User login |
Greek stemmer classAfter heavy googling I found a greek stemmer which is the product of the Master Thesis of Georgios Ntais at Royal Institute of Technology [KTH] (Stockholm, Sweden) supervised by assoc. professor Hercules Dalianis. The stemmer is implemented in javascript and you can find it online here. You can download the php port, published under GNU license. You can check out the first demo page. It is a php4 compatible class. The usage is really simple just create an instance of the class and call stem_word method. The input for stem_word must be in upper case. require("GreekStemmer.class.php"); $st = new GreekStemmer(); echo $st->stem_word('????????'); I hope the companion class is (i hope) stable. Greek_text class contains some helpful static methods for handling greek text:
More detailed documentation is coming soon... Links |
So I believe the system
So I believe the system takes as input a word and removes its inflexional suffix according to a rule based algorithm and then the algorithm follows the known Porter algorithm for the English language and it is developed according to the grammatical rules of the Modern Greek language? Am I understanding this correctly?
A. D Singleton - adrikl[@]gmail.com
Language Translator - Millionaire Mind Book Europe
true Panos Kyriakakis Owner
true
Panos Kyriakakis
Owner of Salix.gr
Larissa, Greece
Nicely done, while it has
EDIT: changed to greeklish because greek is not supported (turns to ??????)
Nicely done, while it has some flaws, for the most part it works well.
What would be the correct stem for these though? Shouldn't they both be the same?
cheking diminutives TEMAXIO -> step 6-2 TEMAXI
cheking diminutives TEMAXIA -> step 3 TEMAX
Also, there is a bug in step 4, the regex is:
$re = '/'.$v.'$/';but $v doesn't exist, maybe it should be
$re = '/'.$this->v.'$/';Because otherwise the conditional will always match, however in that case the following doesn't stem properly:
APSENIKOS -> ARSENIK
APSENIKA -> ARSEN
Finally - It would be better to convert this to snowball (http://snowball.tartarus.org/) rather than use regexs all over the place. Also a good suite of tests is quite necessary.
splitWords function a
splitWords function a replacement for php's str_word_count function that works with any locale setting (that one holds me
congstar prepaid
Greek stemmer and Lucene
@basos I would be very interested in any adaptations of a greek stemmer to be used with Lucene, could you publish your code?
I am happy!
I am so happy, first time that happens to me :D
Someone take a code from here, improve it and share it back here with us.
Baso, could you give us a geolocation information about you?
This class is the result of the work of greeks not just in greece ;)
Best Regards
Panos Kyriakakis
Owner of Salix.gr
Larissa, Greece
Much appreciation for this
Much appreciation for this article. Very riveting and accurately composed blog post. I will return in the near future.
nikon d3s
The usage is really simple
The usage is really simple just create an instance of the class and call stem_word method.
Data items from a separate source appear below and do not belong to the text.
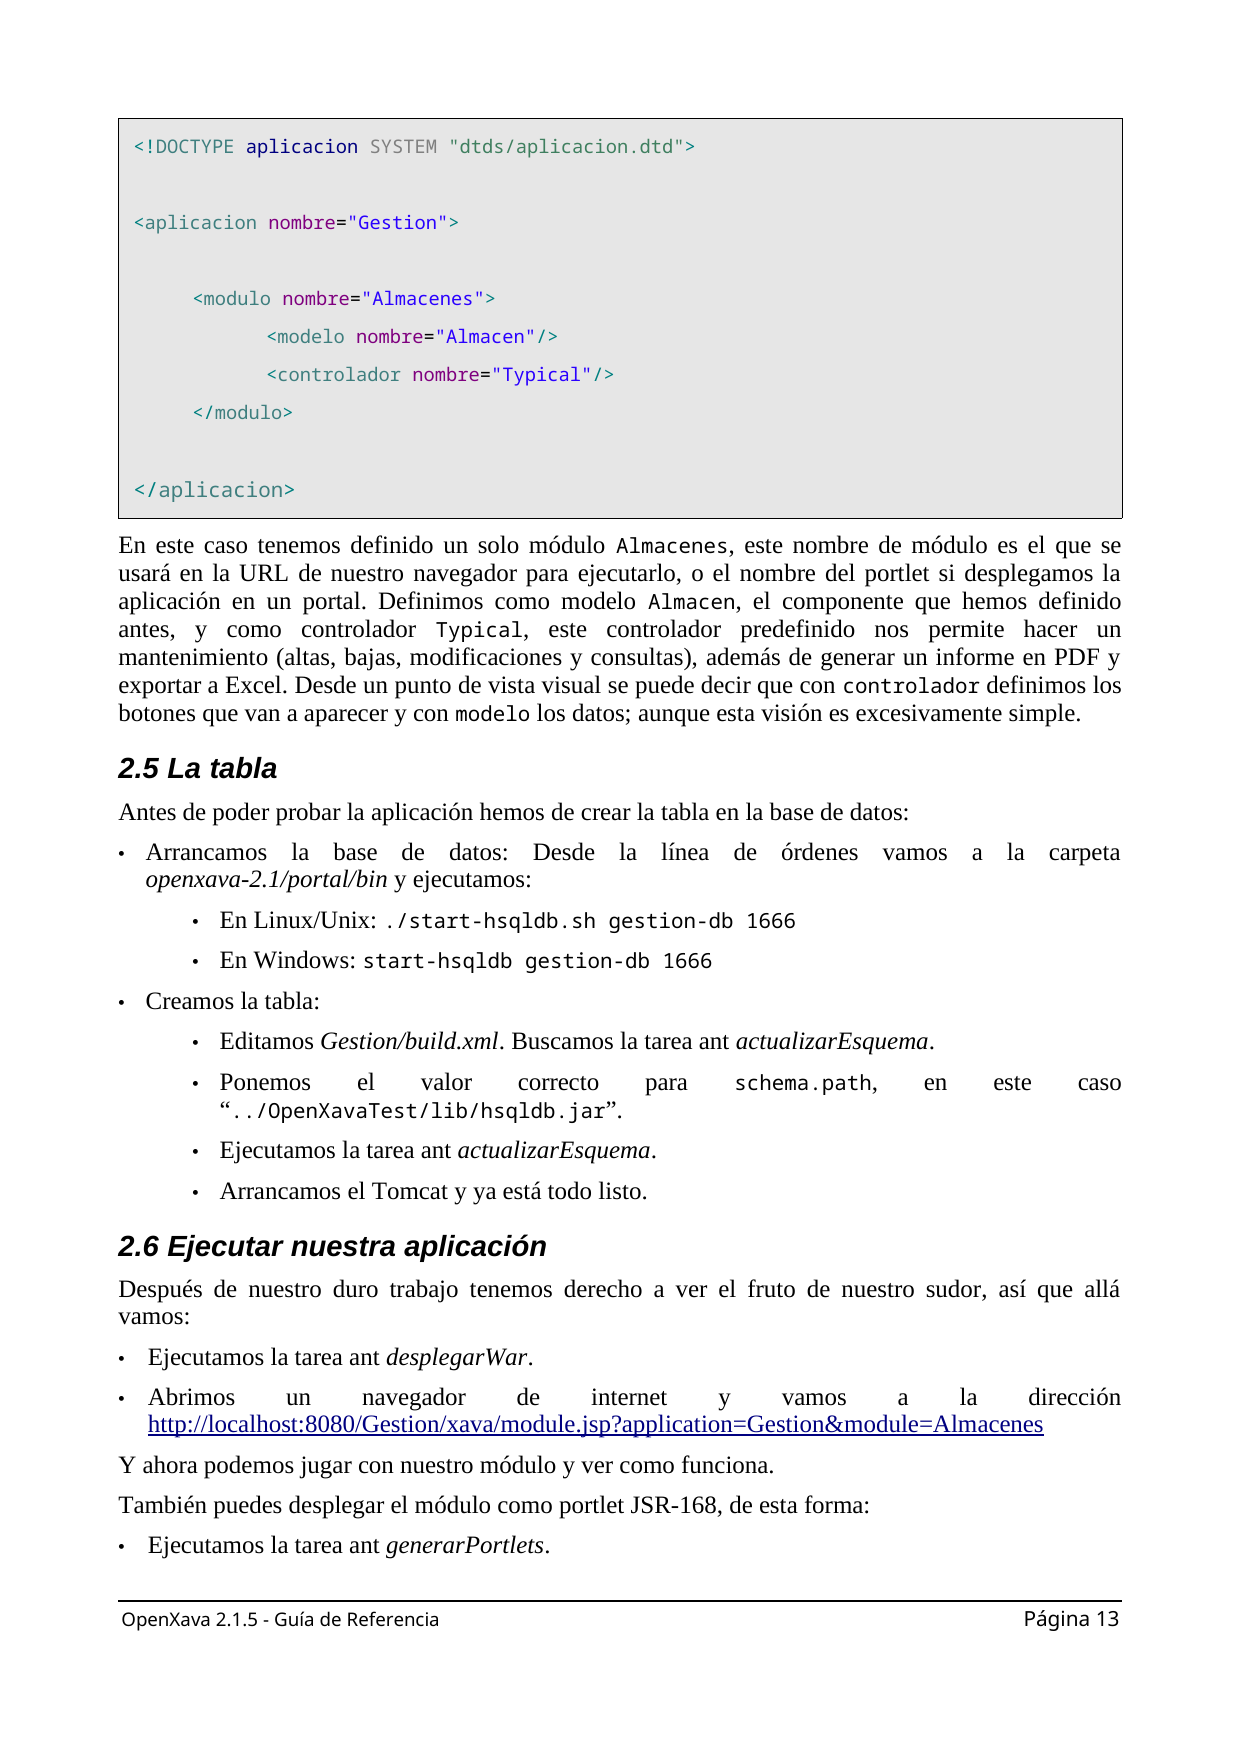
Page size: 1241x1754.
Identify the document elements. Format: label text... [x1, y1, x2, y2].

list Abrimos un navegador de internet y vamos a la dirección http://localhost:8080/Gestion/xava/module.jsp?application=Gestion&module=Almacenes [118, 1383, 1122, 1438]
list En Linux/Unix: ./start-hsqldb.sh gestion-db 1666 [192, 906, 1122, 934]
text Antes de poder probar la aplicación hemos de crear la tabla en la base de datos: [118, 798, 1122, 825]
list Arrancamos el Tomcat y ya está todo listo. [192, 1177, 1122, 1204]
subtitle La tabla [118, 752, 1122, 785]
text Y ahora podemos jugar con nuestro módulo y ver como funciona. [118, 1451, 1122, 1478]
text En este caso tenemos definido un solo módulo Almacenes, este nombre de módulo es el que se usará en la URL de nuestro navegador para ejecutarlo, o el nombre del portlet si desplegamos la aplicación en un portal. Definimos como modelo Almacen, el componente que hemos definido antes, y como controlador Typical, este controlador predefinido nos permite hacer un mantenimiento (altas, bajas, modificaciones y consultas), además de generar un informe en PDF y exportar a Excel. Desde un punto de vista visual se puede decir que con controlador definimos los botones que van a aparecer y con modelo los datos; aunque esta visión es excesivamente simple. [118, 531, 1122, 727]
text Después de nuestro duro trabajo tenemos derecho a ver el fruto de nuestro sudor, así que allá vamos: [118, 1275, 1122, 1330]
list Arrancamos la base de datos: Desde la línea de órdenes vamos a la carpeta openxava-2.1/portal/bin y ejecutamos: [118, 838, 1122, 893]
text También puedes desplegar el módulo como portlet JSR-168, de esta forma: [118, 1491, 1122, 1519]
list Ejecutamos la tarea ant actualizarEsquema. [192, 1137, 1122, 1164]
text </modulo> [119, 384, 1122, 422]
list En Windows: start-hsqldb gestion-db 1666 [192, 946, 1122, 975]
list Ejecutamos la tarea ant desplegarWar. [118, 1343, 1122, 1370]
subtitle Ejecutar nuestra aplicación [118, 1229, 1122, 1262]
list Creamos la tabla: [118, 987, 1122, 1015]
list Editamos Gestion/build.xml. Buscamos la tarea ant actualizarEsquema. [192, 1027, 1122, 1055]
text </aplicacion> [119, 460, 1122, 518]
text <modelo nombre="Almacen"/> [119, 308, 1122, 346]
text <modulo nombre="Almacenes"> [119, 270, 1122, 308]
text <controlador nombre="Typical"/> [119, 346, 1122, 384]
list Ponemos el valor correcto para schema.path, en este caso “../OpenXavaTest/lib/hsqldb.jar”. [192, 1068, 1122, 1124]
text <aplicacion nombre="Gestion"> [119, 194, 1122, 232]
text <!DOCTYPE aplicacion SYSTEM "dtds/aplicacion.dtd"> [119, 119, 1122, 156]
list Ejecutamos la tarea ant generarPortlets. [118, 1531, 1122, 1559]
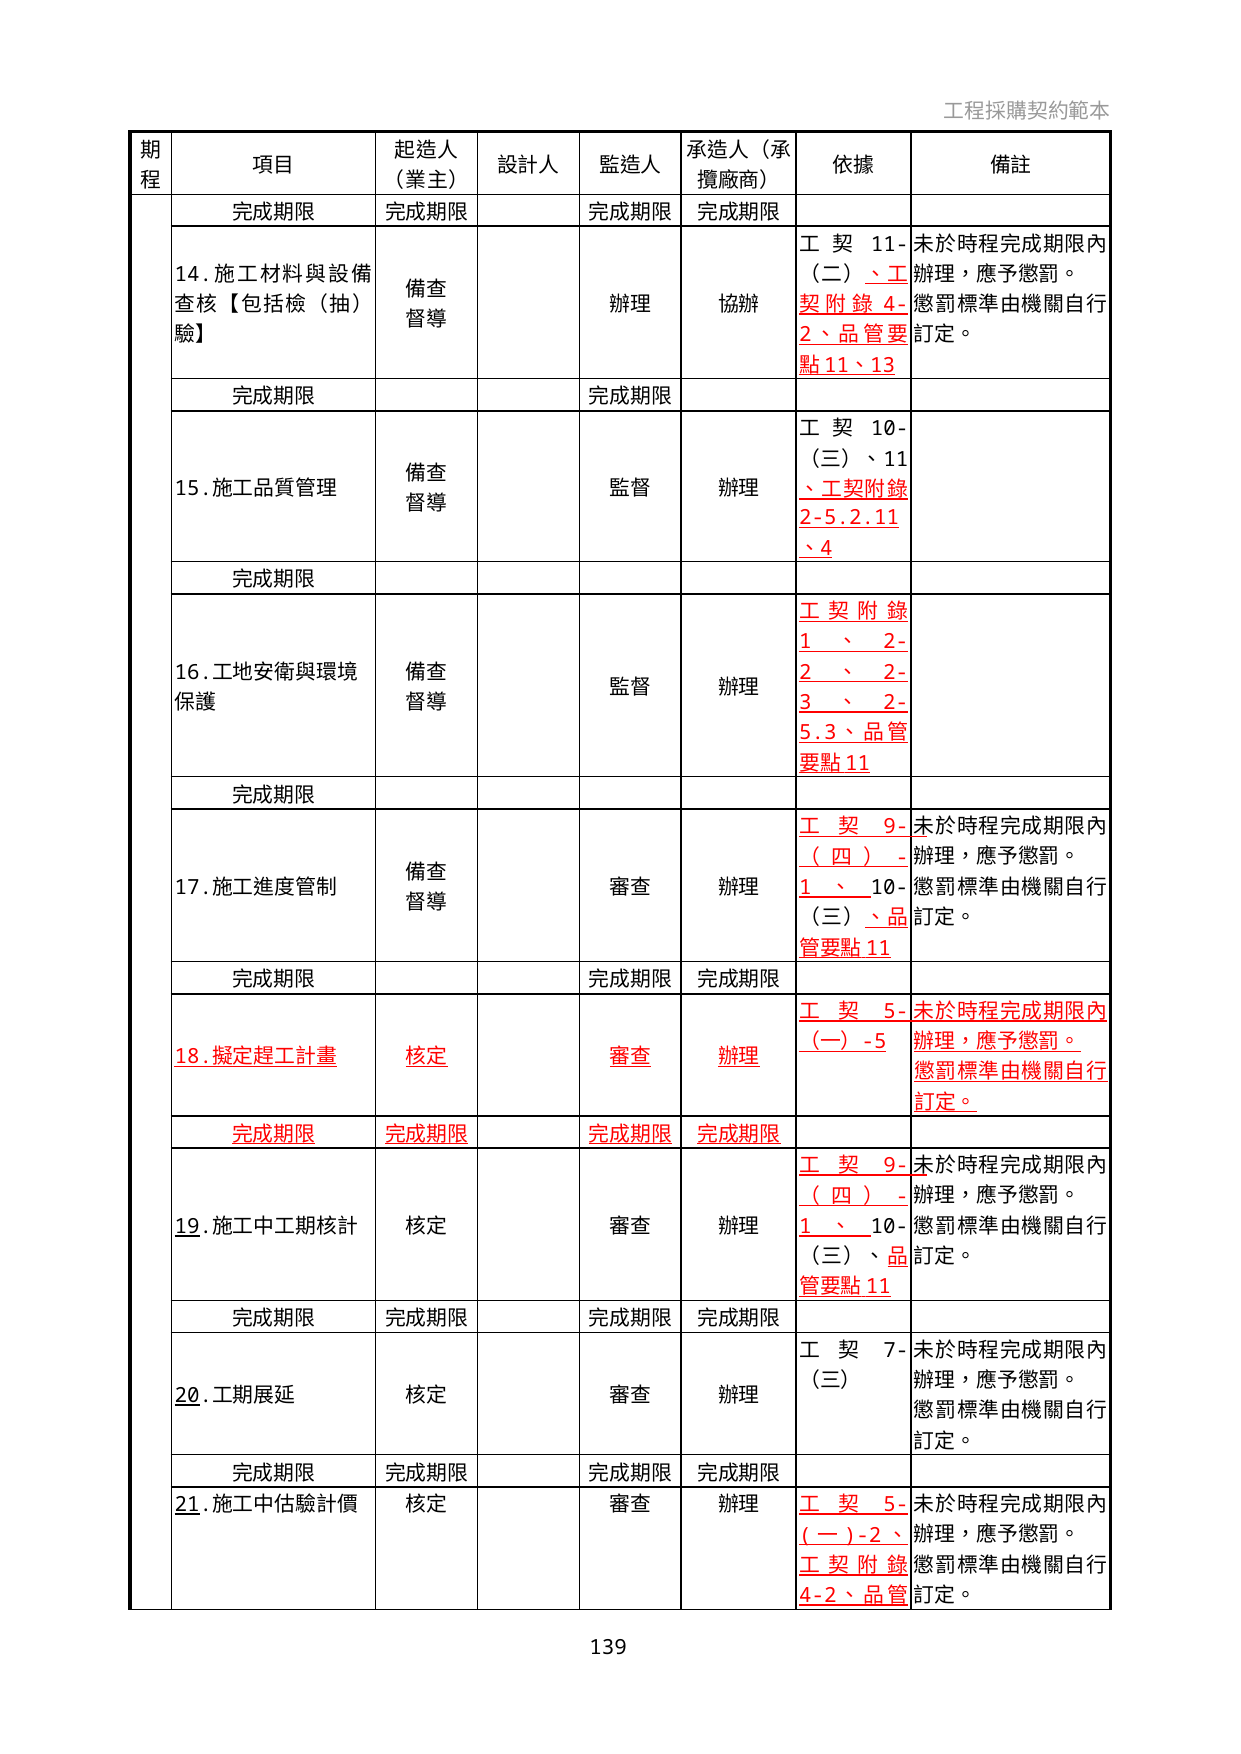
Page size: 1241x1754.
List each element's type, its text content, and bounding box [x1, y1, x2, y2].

table_cell 17.施工進度管制 [172, 810, 375, 961]
table_cell 備查 督導 [376, 412, 477, 561]
table_cell [478, 962, 579, 993]
table_cell 完成期限 [376, 1301, 477, 1332]
table_header 承造人（承攬廠商） [682, 133, 795, 193]
table_cell 15.施工品質管理 [172, 412, 375, 561]
table_cell [912, 1117, 1109, 1147]
table_cell 完成期限 [580, 1455, 680, 1486]
table_cell 辦理 [580, 227, 680, 378]
table_cell [478, 1333, 579, 1454]
table_cell 14.施工材料與設備查核【包括檢（抽）驗】 [172, 227, 375, 378]
table_cell 完成期限 [376, 1117, 477, 1147]
table_cell 辦理 [682, 595, 795, 776]
table_cell [912, 777, 1109, 808]
table_cell [478, 810, 579, 961]
table_cell 核定 [376, 995, 477, 1115]
table_cell [912, 412, 1109, 561]
table_cell [912, 562, 1109, 593]
table_cell [912, 962, 1109, 993]
table_cell 完成期限 [580, 962, 680, 993]
table_cell [912, 1301, 1109, 1332]
table_cell 完成期限 [682, 962, 795, 993]
table_cell [478, 1117, 579, 1147]
table_cell 16.工地安衛與環境 保護 [172, 595, 375, 776]
table_header 設計人 [478, 133, 579, 193]
table_cell 工契5-(一)-2、工契附錄4-2、品管 [797, 1488, 910, 1609]
table_cell 完成期限 [172, 1117, 375, 1147]
table_cell [132, 195, 171, 1609]
table_cell 完成期限 [580, 379, 680, 410]
table_cell [797, 962, 910, 993]
table_cell 完成期限 [580, 1301, 680, 1332]
table_cell [478, 777, 579, 808]
table_cell [580, 562, 680, 593]
table_cell [478, 562, 579, 593]
table_cell [797, 777, 910, 808]
table_cell [797, 1117, 910, 1147]
table_cell [376, 379, 477, 410]
table_cell 核定 [376, 1333, 477, 1454]
table_cell [478, 595, 579, 776]
table_cell 工契11-（二）、工契附錄4-2、品管要點11、13 [797, 227, 910, 378]
table_header 依據 [797, 133, 910, 193]
table_cell [478, 1455, 579, 1486]
table_cell 未於時程完成期限內辦理，應予懲罰。 懲罰標準由機關自行訂定。 [912, 1149, 1109, 1300]
table_cell 審查 [580, 995, 680, 1115]
table_cell 審查 [580, 1149, 680, 1300]
table_cell 工契9-（四）-1、10-（三）、品管要點11 [797, 1149, 910, 1300]
table_cell 備查 督導 [376, 810, 477, 961]
table_cell [376, 777, 477, 808]
table_cell 完成期限 [682, 1455, 795, 1486]
table_cell 工契10-（三）、11、工契附錄2-5.2.11、4 [797, 412, 910, 561]
table_cell 20.工期展延 [172, 1333, 375, 1454]
table_cell 辦理 [682, 1333, 795, 1454]
table_cell 核定 [376, 1149, 477, 1300]
table_cell [478, 1149, 579, 1300]
table_cell 備查 督導 [376, 227, 477, 378]
table_cell 工契7-（三） [797, 1333, 910, 1454]
table_header 監造人 [580, 133, 680, 193]
table_cell [478, 1488, 579, 1609]
table_cell 辦理 [682, 810, 795, 961]
table_cell 審查 [580, 810, 680, 961]
table_cell [797, 379, 910, 410]
table_cell [912, 595, 1109, 776]
table_cell 監督 [580, 595, 680, 776]
table_cell 工契附錄1、2-2、2-3、2-5.3、品管要點11 [797, 595, 910, 776]
table_cell [478, 195, 579, 225]
table_cell 完成期限 [376, 1455, 477, 1486]
table_header 期程 [132, 133, 171, 193]
table_cell 完成期限 [580, 1117, 680, 1147]
table_cell [376, 962, 477, 993]
table_cell 工契5-（一）-5 [797, 995, 910, 1115]
table_cell 完成期限 [580, 195, 680, 225]
table_cell [478, 412, 579, 561]
table_cell 未於時程完成期限內辦理，應予懲罰。 懲罰標準由機關自行訂定。 [912, 810, 1109, 961]
table_cell [797, 562, 910, 593]
table_cell 完成期限 [172, 379, 375, 410]
table_cell [478, 227, 579, 378]
table_cell 完成期限 [376, 195, 477, 225]
table_cell 完成期限 [172, 777, 375, 808]
table_cell 辦理 [682, 1488, 795, 1609]
table_cell 18.擬定趕工計畫 [172, 995, 375, 1115]
table_cell [797, 1455, 910, 1486]
table_cell [797, 195, 910, 225]
table_cell 未於時程完成期限內辦理，應予懲罰。 懲罰標準由機關自行訂定。 [912, 1488, 1109, 1609]
table_cell [682, 777, 795, 808]
table_cell [912, 379, 1109, 410]
table_cell [912, 1455, 1109, 1486]
table_header 起造人（業主） [376, 133, 477, 193]
table_cell [478, 379, 579, 410]
table_cell 未於時程完成期限內辦理，應予懲罰。 懲罰標準由機關自行訂定。 [912, 995, 1109, 1115]
table_cell [376, 562, 477, 593]
table_cell 完成期限 [172, 562, 375, 593]
table_cell 監督 [580, 412, 680, 561]
table_cell 21.施工中估驗計價 [172, 1488, 375, 1609]
table_cell 完成期限 [172, 1455, 375, 1486]
table_cell 備查 督導 [376, 595, 477, 776]
table_cell 辦理 [682, 995, 795, 1115]
table_cell 工契9-（四）-1、10-（三）、品管要點11 [797, 810, 910, 961]
table_cell 完成期限 [682, 195, 795, 225]
table_cell 協辦 [682, 227, 795, 378]
table_cell [682, 562, 795, 593]
table_cell 未於時程完成期限內辦理，應予懲罰。 懲罰標準由機關自行訂定。 [912, 1333, 1109, 1454]
table_cell [912, 195, 1109, 225]
table_cell 未於時程完成期限內辦理，應予懲罰。 懲罰標準由機關自行訂定。 [912, 227, 1109, 378]
table_cell 審查 [580, 1488, 680, 1609]
table_cell [797, 1301, 910, 1332]
table_cell 完成期限 [172, 962, 375, 993]
table_cell 完成期限 [682, 1301, 795, 1332]
table_cell 完成期限 [172, 1301, 375, 1332]
table_cell [478, 995, 579, 1115]
table_cell 19.施工中工期核計 [172, 1149, 375, 1300]
table_cell 核定 [376, 1488, 477, 1609]
table_cell 完成期限 [172, 195, 375, 225]
table_cell [478, 1301, 579, 1332]
table_cell [580, 777, 680, 808]
table_header 備註 [912, 133, 1109, 193]
table_cell 審查 [580, 1333, 680, 1454]
table_header 項目 [172, 133, 375, 193]
table_cell 辦理 [682, 412, 795, 561]
table_cell [682, 379, 795, 410]
table_cell 辦理 [682, 1149, 795, 1300]
table_cell 完成期限 [682, 1117, 795, 1147]

Excessive Sweating()How to Stop Excessive Sweating
New version
Hello,
i want to say that you did a nice work, it is very important to find out the port of greek stemmer for PHP.
I modified it a little to use the PHP5 OO model, since PHP4 is considered ancient already,
and to use utf8 encoding. It is very important especially for greek users to use and promote unicode (utf8) in all levels of applicatio development. You change the code once and it will play on all machines.
Also i corrected some minor errors, and optimized a little removing unneeded double calls to preg_match.
I sent the code thru the contact form to avoid overfilling this post.
My purpose for this code is to be used in a search engine. So, this piece of code is easily intergrated into the Zend port of the infamous Lucene search engine (initialy implemented for Java). It is a good PHP search engine implemted in a very modular way, that can be integrated to various projects. The adoption of the greek stemmer there was fairly straightforward.
I have some small classes for this to work, if you are interested also i can sent them.
basos
Thanks for the Tip
I appreciate your sharing this piece of information. I'm from Ikaria. It's unfortunate that we have to resort to third parties to provide Greek FTS. Isn't there like 50 languages already supported? Is Greek really that far down the line?